It helps to draw this, using some drawing app.. GeoGebra online is fine for this sort of thing.

 

We can calculate the length EA by EA = \(\sqrt{EF^2 + FA^2} = \sqrt{700^2 + 800^2} = \sqrt{490,000 + 640,000} = \sqrt{1,390,000} = 1,063.015\)

Now we round this off to whole feet. He is 1,063 feet from where he started.
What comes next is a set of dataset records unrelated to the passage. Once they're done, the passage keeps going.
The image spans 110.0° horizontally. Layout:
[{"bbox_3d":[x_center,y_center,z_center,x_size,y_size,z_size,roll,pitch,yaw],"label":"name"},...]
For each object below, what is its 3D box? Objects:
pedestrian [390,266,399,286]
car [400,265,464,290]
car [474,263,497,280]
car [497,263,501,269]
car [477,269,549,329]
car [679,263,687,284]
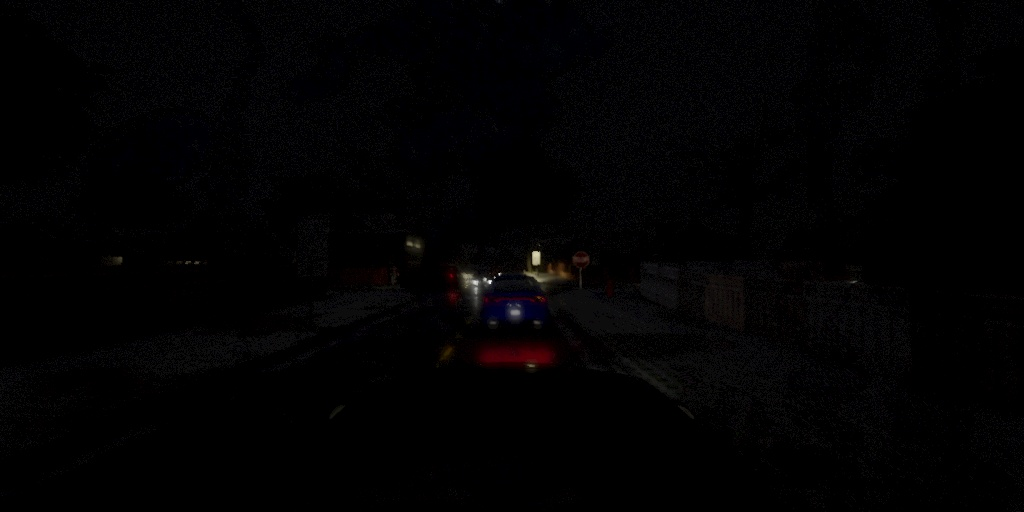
[{"bbox_3d":[-9.679,1.513,29.340,0.375,1.860,0.375,0,-2,1],"label":"pedestrian"},{"bbox_3d":[-5.883,1.521,26.206,4.553,1.767,2.097,-2,-2,19],"label":"car"},{"bbox_3d":[-2.861,1.799,38.071,1.812,1.442,4.674,0,-1,0],"label":"car"},{"bbox_3d":[-2.865,2.023,48.161,1.994,1.385,4.181,0,-1,0],"label":"car"},{"bbox_3d":[0.089,1.354,11.787,1.882,1.535,5.008,0,-1,0],"label":"car"},{"bbox_3d":[12.417,1.298,26.149,4.553,1.767,2.097,-1,-3,1],"label":"car"}]
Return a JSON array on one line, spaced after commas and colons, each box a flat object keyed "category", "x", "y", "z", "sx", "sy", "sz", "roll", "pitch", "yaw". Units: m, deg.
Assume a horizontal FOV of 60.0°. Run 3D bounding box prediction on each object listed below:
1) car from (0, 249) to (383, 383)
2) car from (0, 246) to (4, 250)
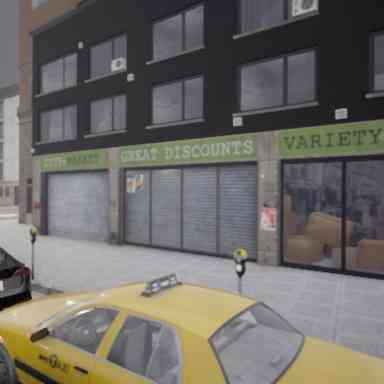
[{"category": "car", "x": -0.505, "y": 1.535, "z": 3.453, "sx": 4.829, "sy": 1.417, "sz": 1.752, "roll": 0, "pitch": 0, "yaw": 36}, {"category": "car", "x": -4.909, "y": 1.598, "z": 6.606, "sx": 4.313, "sy": 1.339, "sz": 1.947, "roll": 0, "pitch": 0, "yaw": 36}]
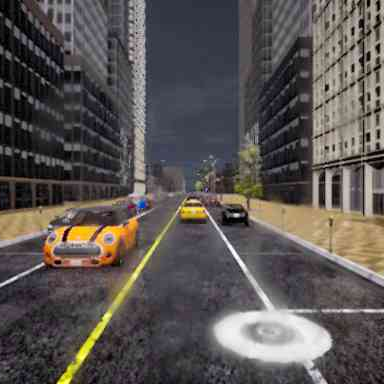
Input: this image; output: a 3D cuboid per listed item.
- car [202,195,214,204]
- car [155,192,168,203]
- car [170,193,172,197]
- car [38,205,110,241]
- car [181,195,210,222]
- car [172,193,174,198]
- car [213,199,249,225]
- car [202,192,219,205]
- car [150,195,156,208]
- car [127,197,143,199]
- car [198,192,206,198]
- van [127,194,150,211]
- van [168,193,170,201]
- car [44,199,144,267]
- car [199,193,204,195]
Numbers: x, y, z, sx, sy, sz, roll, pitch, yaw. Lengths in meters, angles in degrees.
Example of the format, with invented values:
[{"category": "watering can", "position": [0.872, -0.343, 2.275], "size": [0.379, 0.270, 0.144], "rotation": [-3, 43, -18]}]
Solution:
[{"category": "car", "position": [2.716, 1.209, 56.478], "size": [1.802, 1.307, 4.206], "rotation": [0, 0, 0]}, {"category": "car", "position": [-5.664, 1.067, 56.494], "size": [1.967, 1.590, 4.097], "rotation": [0, 0, 0]}, {"category": "car", "position": [-5.660, 1.113, 67.880], "size": [1.947, 1.339, 4.313], "rotation": [0, 0, 0]}, {"category": "car", "position": [-5.681, 1.444, 16.651], "size": [2.008, 1.369, 4.403], "rotation": [0, 0, 0]}, {"category": "car", "position": [0.110, 1.299, 24.964], "size": [1.801, 1.575, 5.366], "rotation": [0, 1, 0]}, {"category": "car", "position": [-5.651, 0.914, 90.477], "size": [1.752, 1.417, 4.829], "rotation": [0, 0, 0]}, {"category": "car", "position": [2.702, 1.423, 22.327], "size": [1.947, 1.339, 4.313], "rotation": [0, 0, 0]}, {"category": "car", "position": [2.712, 1.146, 45.093], "size": [1.967, 1.590, 4.097], "rotation": [0, 0, 0]}, {"category": "car", "position": [-5.671, 1.325, 39.420], "size": [1.802, 1.307, 4.206], "rotation": [0, 0, 0]}, {"category": "car", "position": [-5.676, 1.364, 28.035], "size": [1.887, 1.381, 4.507], "rotation": [0, 0, 0]}, {"category": "car", "position": [2.730, 0.828, 90.628], "size": [1.967, 1.590, 4.097], "rotation": [0, 0, 0]}, {"category": "van", "position": [-5.673, 1.123, 33.726], "size": [1.690, 1.788, 3.998], "rotation": [0, 0, 0]}, {"category": "van", "position": [-5.661, 0.928, 62.187], "size": [1.690, 1.788, 3.998], "rotation": [0, 0, 0]}, {"category": "car", "position": [-3.088, 1.280, 11.125], "size": [2.097, 1.767, 4.553], "rotation": [0, 0, 0]}, {"category": "car", "position": [0.116, 1.208, 41.423], "size": [1.882, 1.535, 5.008], "rotation": [0, 0, 0]}]
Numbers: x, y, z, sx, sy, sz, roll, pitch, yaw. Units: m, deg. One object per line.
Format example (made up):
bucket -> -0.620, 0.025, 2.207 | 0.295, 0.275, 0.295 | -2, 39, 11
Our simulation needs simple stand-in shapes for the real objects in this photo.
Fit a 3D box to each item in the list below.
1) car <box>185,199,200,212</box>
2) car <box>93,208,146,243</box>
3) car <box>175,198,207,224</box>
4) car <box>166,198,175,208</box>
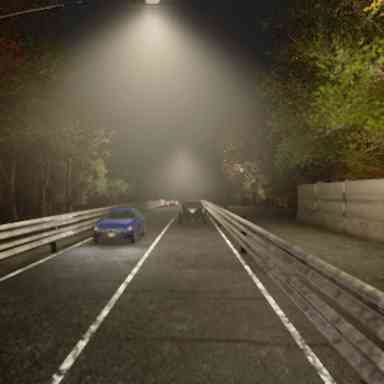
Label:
car -> 0.088, 1.740, 43.401 | 1.837, 1.490, 4.892 | 0, -1, 0
car -> -3.348, 1.527, 16.122 | 1.812, 1.442, 4.674 | 0, 0, 0
car -> 0.042, 1.399, 25.446 | 2.097, 1.767, 4.553 | 0, 0, 1
car -> -3.302, 1.820, 57.418 | 2.097, 1.767, 4.553 | 0, -1, 0
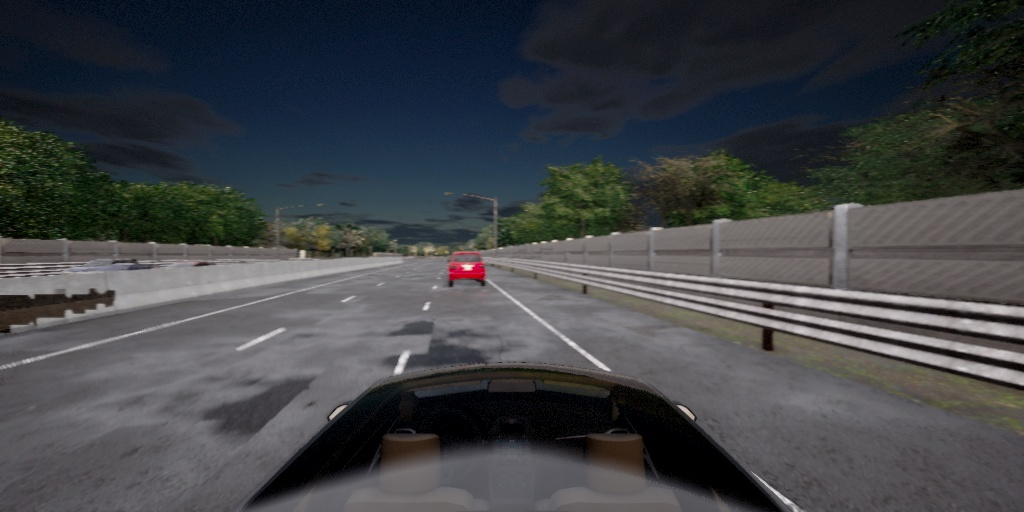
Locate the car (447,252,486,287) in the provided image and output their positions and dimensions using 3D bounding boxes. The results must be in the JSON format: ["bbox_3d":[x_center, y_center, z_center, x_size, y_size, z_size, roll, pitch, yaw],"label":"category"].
[{"bbox_3d":[-2.882,0.753,22.559,2.150,2.045,5.566,0,1,-9],"label":"car"}]

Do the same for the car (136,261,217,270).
[{"bbox_3d":[-20.903,1.082,23.169,1.882,1.535,5.008,0,0,-9],"label":"car"}]

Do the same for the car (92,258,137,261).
[{"bbox_3d":[-28.328,0.974,25.050,2.097,1.767,4.553,0,0,-9],"label":"car"}]

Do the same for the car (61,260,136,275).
[{"bbox_3d":[-24.357,1.173,22.593,2.033,1.411,5.357,0,1,-9],"label":"car"}]
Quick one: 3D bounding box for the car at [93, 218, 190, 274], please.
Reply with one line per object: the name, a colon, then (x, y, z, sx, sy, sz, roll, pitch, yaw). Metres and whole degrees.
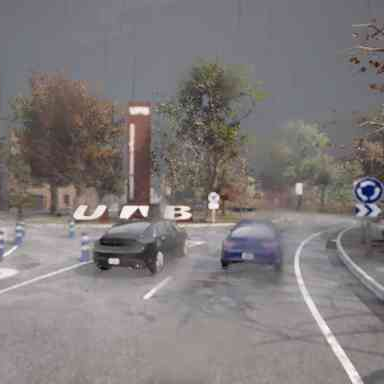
car: (-1.449, 1.641, 11.144, 1.837, 1.490, 4.892, 0, -1, 15)

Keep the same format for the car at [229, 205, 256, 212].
car: (8.969, 2.984, 59.815, 4.718, 1.301, 1.895, -1, -2, 41)

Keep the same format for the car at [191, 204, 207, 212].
car: (1.341, 2.935, 60.747, 5.357, 1.411, 2.033, 0, -2, 20)

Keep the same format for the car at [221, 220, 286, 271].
car: (2.178, 1.673, 11.435, 1.812, 1.442, 4.674, -1, -2, 16)
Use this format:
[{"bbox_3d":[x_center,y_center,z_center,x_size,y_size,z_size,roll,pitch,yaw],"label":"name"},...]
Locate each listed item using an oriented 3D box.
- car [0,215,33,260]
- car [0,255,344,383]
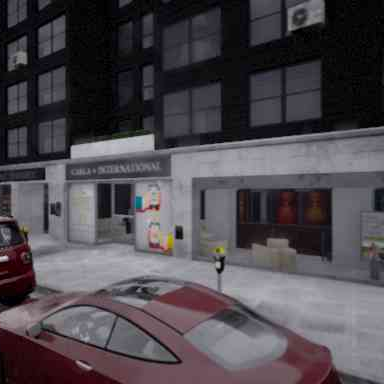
[{"bbox_3d":[-5.243,1.367,6.858,5.009,1.841,2.192,0,0,36],"label":"car"},{"bbox_3d":[-0.646,1.597,3.553,4.206,1.307,1.802,0,0,36],"label":"car"}]
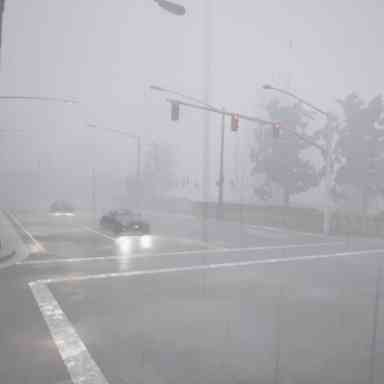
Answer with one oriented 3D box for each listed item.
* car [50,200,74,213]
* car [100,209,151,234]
[{"bbox_3d":[-14.443,1.557,36.919,1.994,1.385,4.181,3,-1,-31],"label":"car"},{"bbox_3d":[-4.071,1.697,19.975,1.994,1.385,4.181,3,-1,-31],"label":"car"}]

See https://www.geogebra.org/classic/ujqjzhfh

 Aug 3, 2022
edited by tuffla2022  Aug 3, 2022
edited by tuffla2022  Aug 3, 2022
 #2
avatar+124596 
+1

Welcome aboard, Tuffla!!

 

Here's one  more way

 

Let him start  at (0,0)

 

When he walks 800 feet west he is at  (-800, 0)

When he then  walks 900 ft due north he is at  (-800 , 900)

When he then walks 1500 ft due east he is at  ( -800 + 1500, 900) = (700,900)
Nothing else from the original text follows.